Nel 2019 la donna aveva scoperto di essersi ammalata. “Pensavo fosse la sciatica che mi porto dietro da anni”, aveva raccontato a Repubblica.

La vicenda giudiziaria di Stefano Cucchi ha visto finire alla sbarra, in un primo lungo e complicato processo, scaturito dalle indagini della Procura di Roma, 6 medici e 3 infermieri che ebbero in cura il geometra romano in custodia cautelare al Pertini oltre a 3 agenti della polizia penitenziaria.

La sentenza di primo grado che condannava i sei medici, fra cui il primario Aldo Fierro ma assolveva gli infermieri e gli agenti della penitenziaria venne ribaltata in appello con l’assoluzione di tutti i medici.

La Cassazione dispose poi il parziale annullamento della sentenza ordinando un nuovo processo per cinque dei sei medici precedentemente assolti.

Nell’appello-bis, il 18 luglio 2016 la Corte d’appello di Roma assolse i cinque medici dall’accusa di omicidio colposo con la formula “il fatto non sussiste”.

Un anno dopo, il 19 aprile 2017, la Cassazione intervenne nuovamente sulla vicenda di Stefano Cucchi disponendo l’annullamento dell’ulteriore sentenza di appello e ordinando un nuovo processo per i cinque medici dell’ospedale Pertini i quali, secondo la Suprema Corte, avevano dimostrato gravi negligenze per ritardi sia nella diagnosi, sia nelle cure. Ma, il giorno dopo, scattò la prescrizione per il resto contestato ai medici.

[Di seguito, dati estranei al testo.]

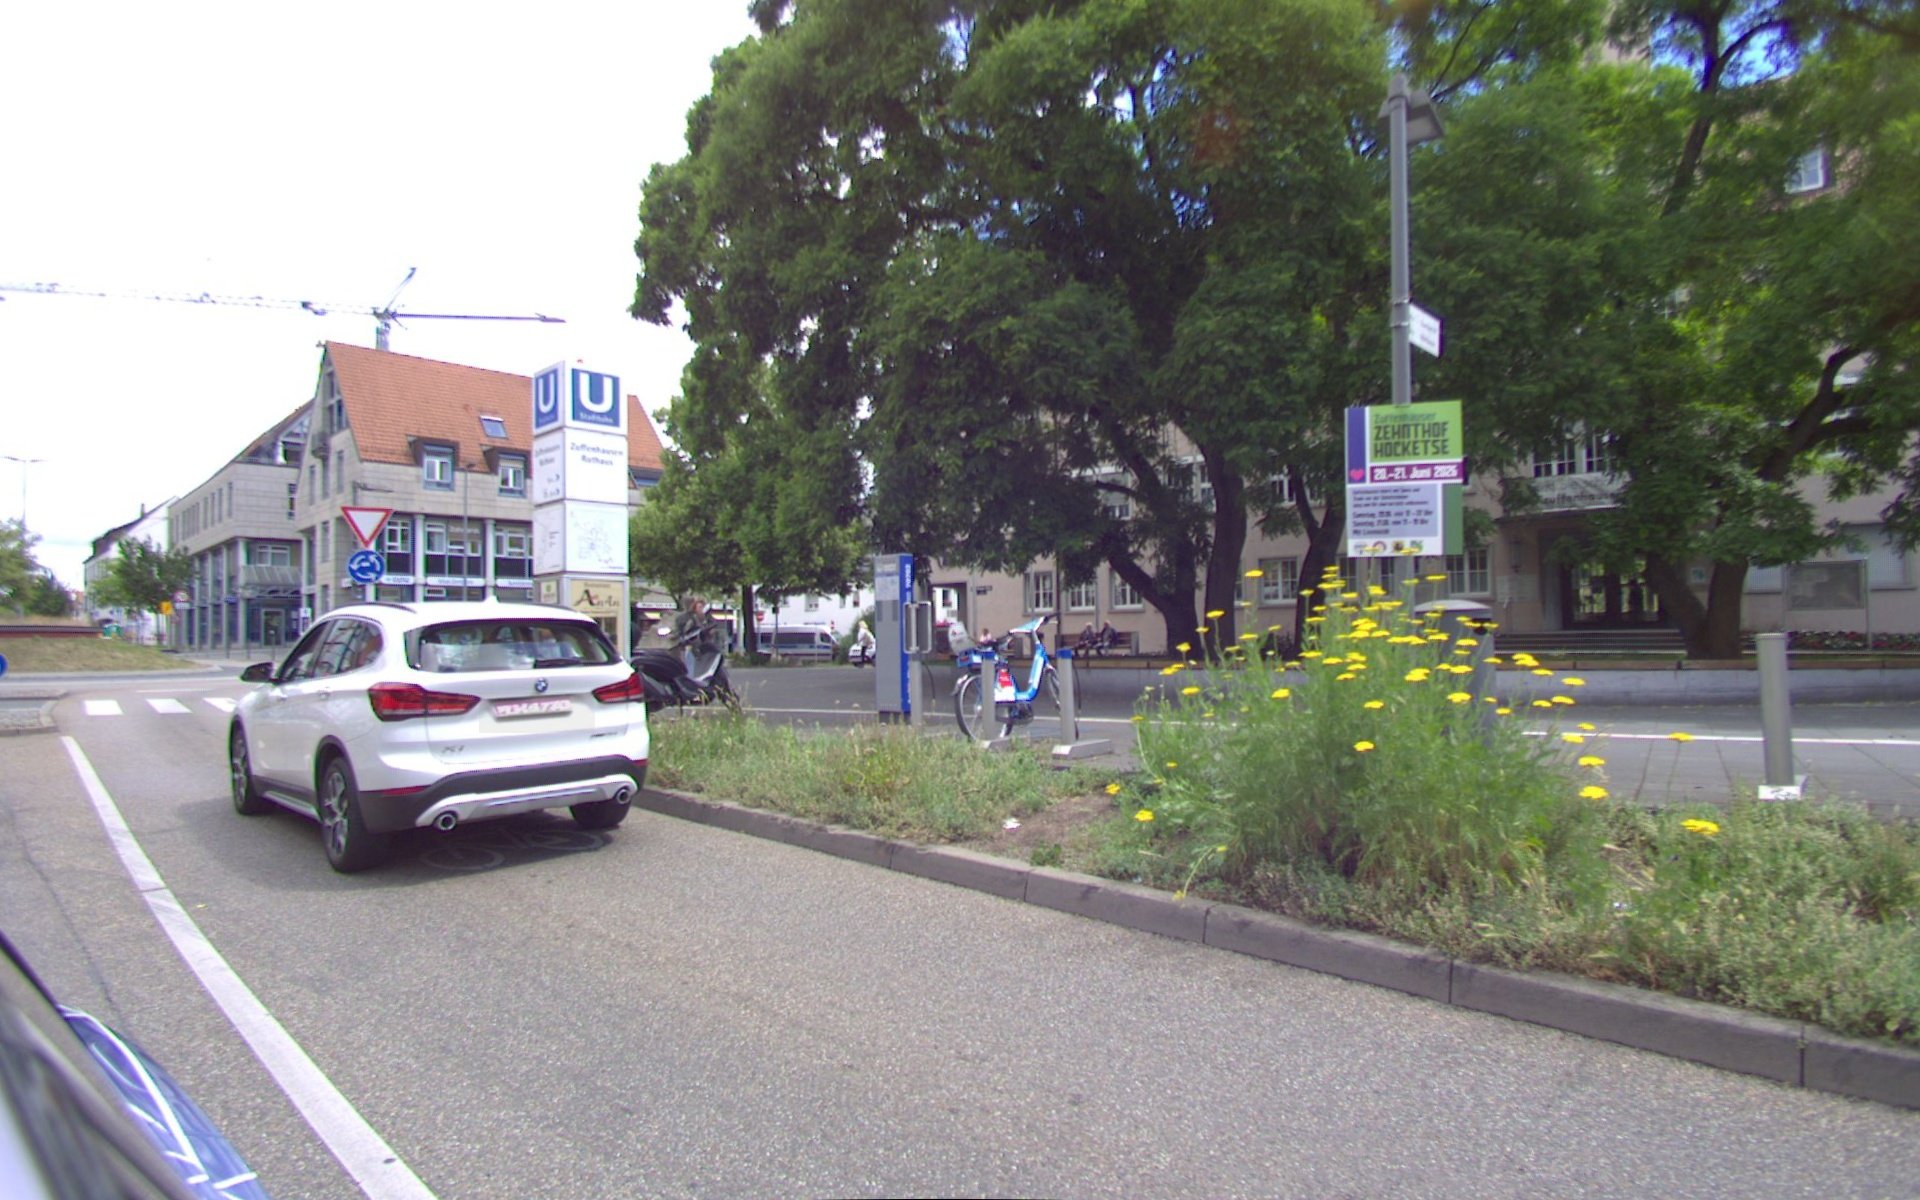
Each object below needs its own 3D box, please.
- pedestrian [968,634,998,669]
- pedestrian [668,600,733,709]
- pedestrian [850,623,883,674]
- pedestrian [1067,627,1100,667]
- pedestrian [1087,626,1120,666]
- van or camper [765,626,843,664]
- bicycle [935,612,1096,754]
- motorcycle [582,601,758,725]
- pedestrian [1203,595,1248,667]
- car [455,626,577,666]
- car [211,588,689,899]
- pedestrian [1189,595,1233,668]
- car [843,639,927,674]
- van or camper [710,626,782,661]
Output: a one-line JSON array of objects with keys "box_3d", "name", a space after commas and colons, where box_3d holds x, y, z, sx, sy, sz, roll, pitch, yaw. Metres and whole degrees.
[{"box_3d": [0.790, 1.766, 34.836, 0.689, 1.184, 0.807, -4, -3, 36], "name": "pedestrian"}, {"box_3d": [-4.033, 0.839, 15.723, 0.652, 1.641, 0.800, 1, -3, -42], "name": "pedestrian"}, {"box_3d": [-3.129, 1.621, 33.852, 0.816, 1.688, 0.682, -4, -3, 37], "name": "pedestrian"}, {"box_3d": [3.949, 1.489, 32.361, 0.689, 1.235, 0.807, -4, -3, 36], "name": "pedestrian"}, {"box_3d": [4.524, 1.450, 31.912, 0.689, 1.235, 0.807, -4, -3, 36], "name": "pedestrian"}, {"box_3d": [-10.222, 2.927, 66.391, 4.634, 2.401, 1.989, -1, -2, 17], "name": "van or camper"}, {"box_3d": [0.512, 0.675, 8.593, 0.514, 1.090, 1.671, -4, -4, 36], "name": "bicycle"}, {"box_3d": [-3.669, 0.783, 12.996, 0.647, 1.461, 2.167, 0, -2, 39], "name": "motorcycle"}, {"box_3d": [7.077, 0.833, 26.976, 0.877, 1.864, 0.653, -4, -3, 41], "name": "pedestrian"}, {"box_3d": [-20.051, 2.039, 45.785, 4.810, 1.666, 1.751, 0, -1, -33], "name": "car"}, {"box_3d": [-3.865, 0.789, 7.305, 4.166, 1.597, 1.802, -2, -2, 44], "name": "car"}, {"box_3d": [6.561, 0.834, 26.446, 0.829, 1.864, 0.653, -4, -3, 41], "name": "pedestrian"}, {"box_3d": [-3.792, 2.852, 51.562, 4.013, 1.551, 1.749, 0, -1, -42], "name": "car"}, {"box_3d": [-15.023, 3.084, 71.141, 4.634, 2.401, 1.989, -1, -2, 17], "name": "van or camper"}]
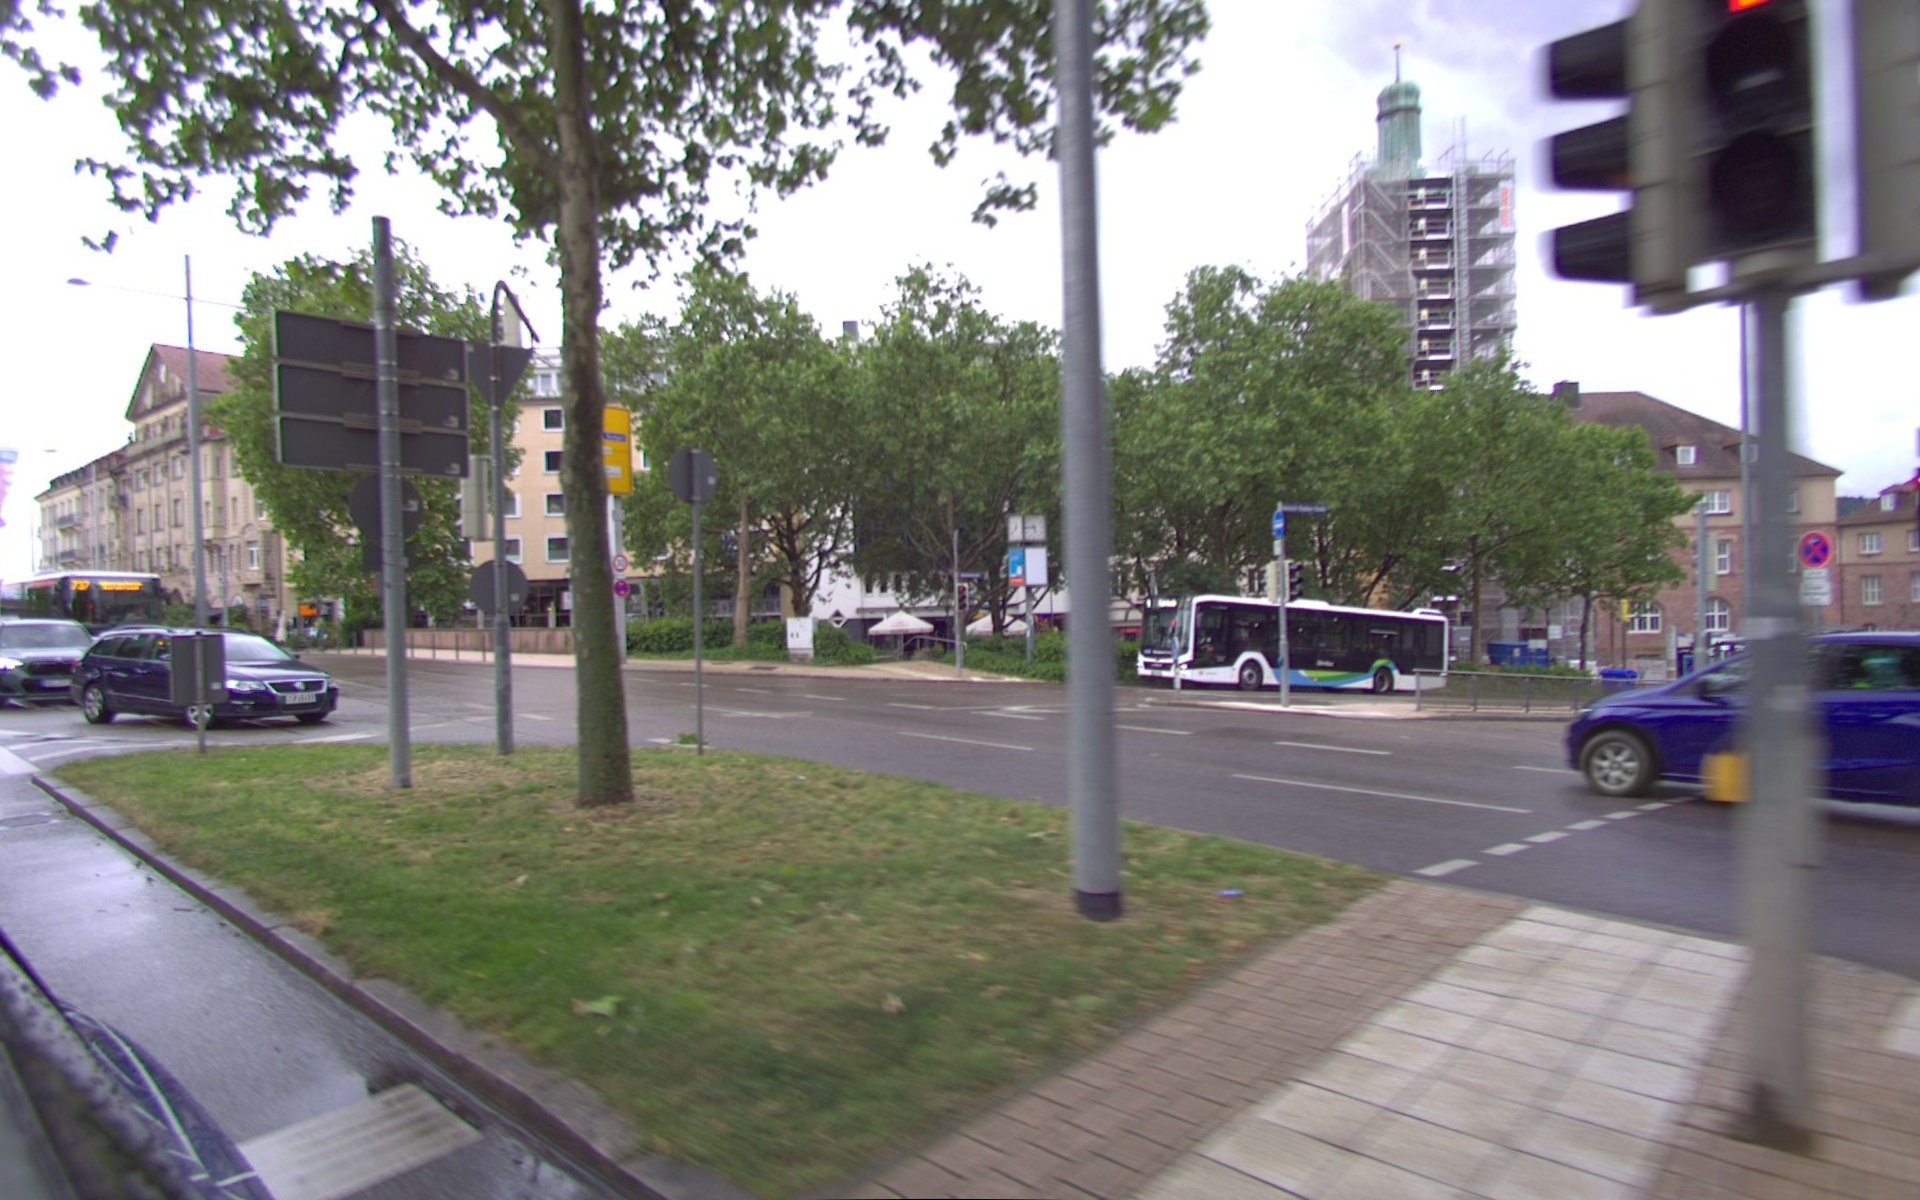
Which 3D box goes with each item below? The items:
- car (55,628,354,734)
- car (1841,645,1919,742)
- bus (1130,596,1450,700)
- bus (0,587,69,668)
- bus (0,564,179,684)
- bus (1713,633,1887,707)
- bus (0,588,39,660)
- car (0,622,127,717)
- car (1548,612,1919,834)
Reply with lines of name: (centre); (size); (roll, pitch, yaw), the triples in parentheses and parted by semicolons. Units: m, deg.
car: (-11.582, 1.156, 15.493); (4.388, 1.420, 1.806); (-1, -1, 25)
car: (21.870, 2.051, 22.477); (4.509, 1.980, 2.006); (2, -3, -29)
bus: (11.360, 1.735, 34.054); (11.766, 3.042, 2.898); (3, -3, -28)
bus: (-40.434, 1.172, 43.008); (8.839, 3.156, 2.723); (-1, -2, 41)
bus: (-30.031, 0.847, 34.331); (12.547, 3.466, 2.926); (-2, -2, 40)
bus: (42.453, 3.372, 50.948); (11.769, 3.219, 2.898); (0, -1, -31)
bus: (-47.431, 1.197, 49.062); (9.905, 3.270, 2.781); (-1, -2, 40)
car: (-18.054, 1.279, 19.765); (4.354, 1.652, 1.945); (-1, -2, 39)
car: (7.122, 0.873, 7.841); (1.815, 1.519, 4.116); (1, -2, -25)
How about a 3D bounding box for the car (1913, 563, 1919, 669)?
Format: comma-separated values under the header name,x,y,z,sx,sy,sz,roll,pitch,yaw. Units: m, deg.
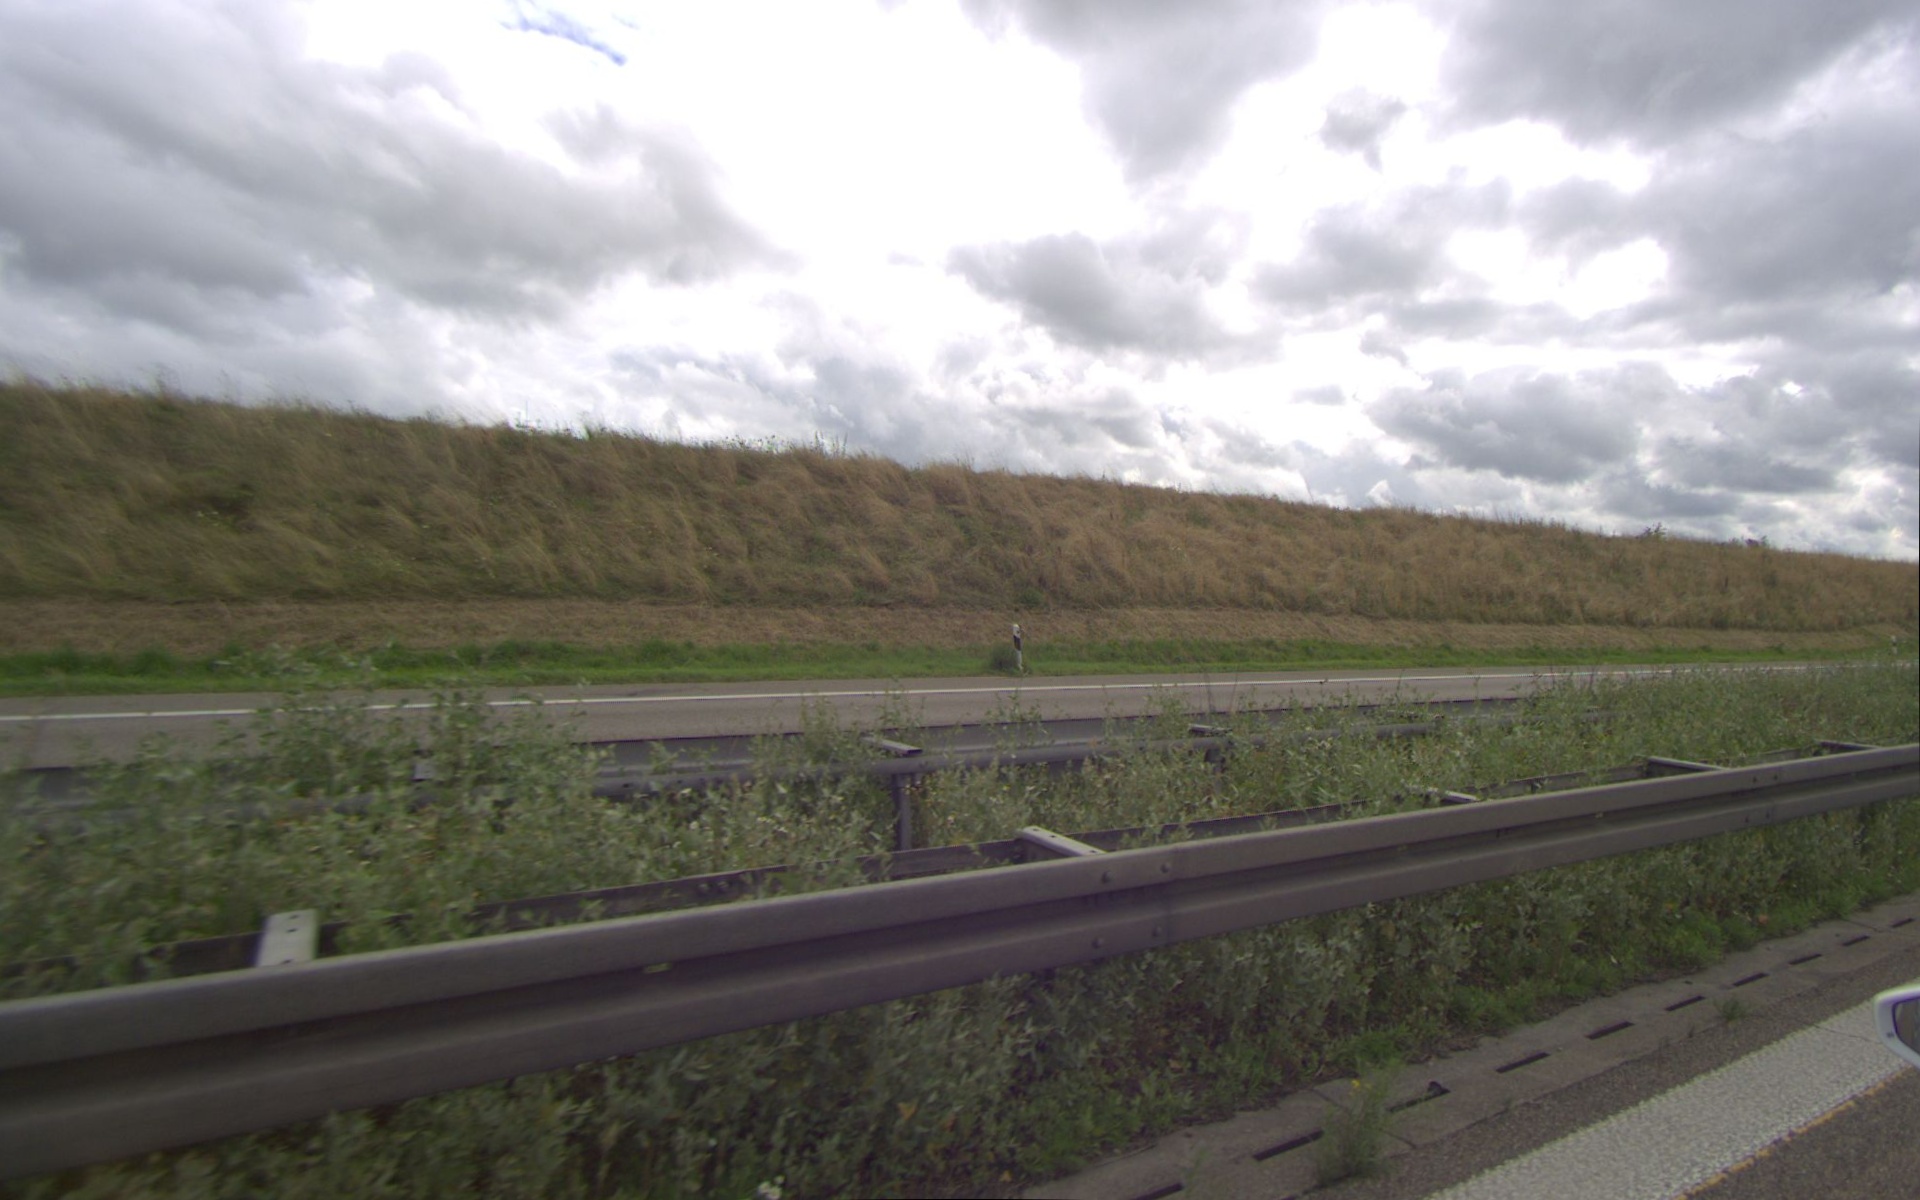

Passò un anno e, a marzo 2018, si aprì l’appello-ter. Ma si era oramai in regime di prescrizione. Con la sentenza del 14 novembre 2019 la Corte d’appello di Roma assolse, per “non aver commesso” il fatto, la dottoressa Stefania Corbi dichiarando, al contempo, il “non doversi procedere per intervenuta prescrizione” del reato nei confronti del primario Aldo Fierro e dei medici Flaminia Bruno, Luigi De Marchis Preite e Silvia Di Carlo.

Il capitolo giudiziario su medici, infermieri e agenti della polizia penitenziaria venne così chiuso ma, nel frattempo, si era aperto il fronte giudiziario sui carabinieri in seguito all’esposto della famiglia Cucchi, che parlava di un pestaggio, alla Procura di Roma portando all’apertura di un’inchiesta-bis con l’ipotesi di reato di omicidio preterintenzionale.

L’iter giudiziario di questo filone relativo ai carabinieri  ha portato poi alla condanna dei militari dell’Arma, Alessio Di Bernardo e Raffaele D’Alessandro a dodici anni di reclusione per omicidio preterintenzionale e dei colleghi Roberto Mandolini e Francesco Tedesco rispettivamente a 3 anni e 6 mesi e a 2 anni e 4 mesi di reclusione.

C’è stata, poi, un’inchiesta-ter relativa ai depistaggi. originata da una denuncia contro ignoti presentata dal carabiniere Francesco Tedesco il quale evidenziava la scomparsa di una sua annotazione di servizio indirizzata ai suoi superiori con la quale rivelava di aver assistito al pestaggio di Stefano Cucchi presso la caserma della Compagnia Roma Casilina da parte dei propri colleghi Alessio Di Bernardo e Raffaele D’Alessandro.

Questo terzo filone di inchiesta sui depistaggi attuati dai carabinieri si è concluso il 7 aprile scorso con la condanna, da parte del Tribunale di Roma, del generale dell’Arma, Alessandro Casarsa a 5 anni di reclusione e all’interdizione perpetua dai pubblici uffici, Francesco Cavallo e Luciano Soligo a 4 anni di reclusione e all’interdizione per 5 anni dai pubblici uffici, Luca De Cianni a 2 anni e 6 mesi di reclusione, Tiziano Testarmata e Massimiliano Colombo Labriola a 1 anno e 9 mesi di reclusione (pena sospesa per entrambi) e Lorenzo Sabatino e Francesco Di Sano a 1 anno e 3 mesi di reclusione (pena sospesa per entrambi).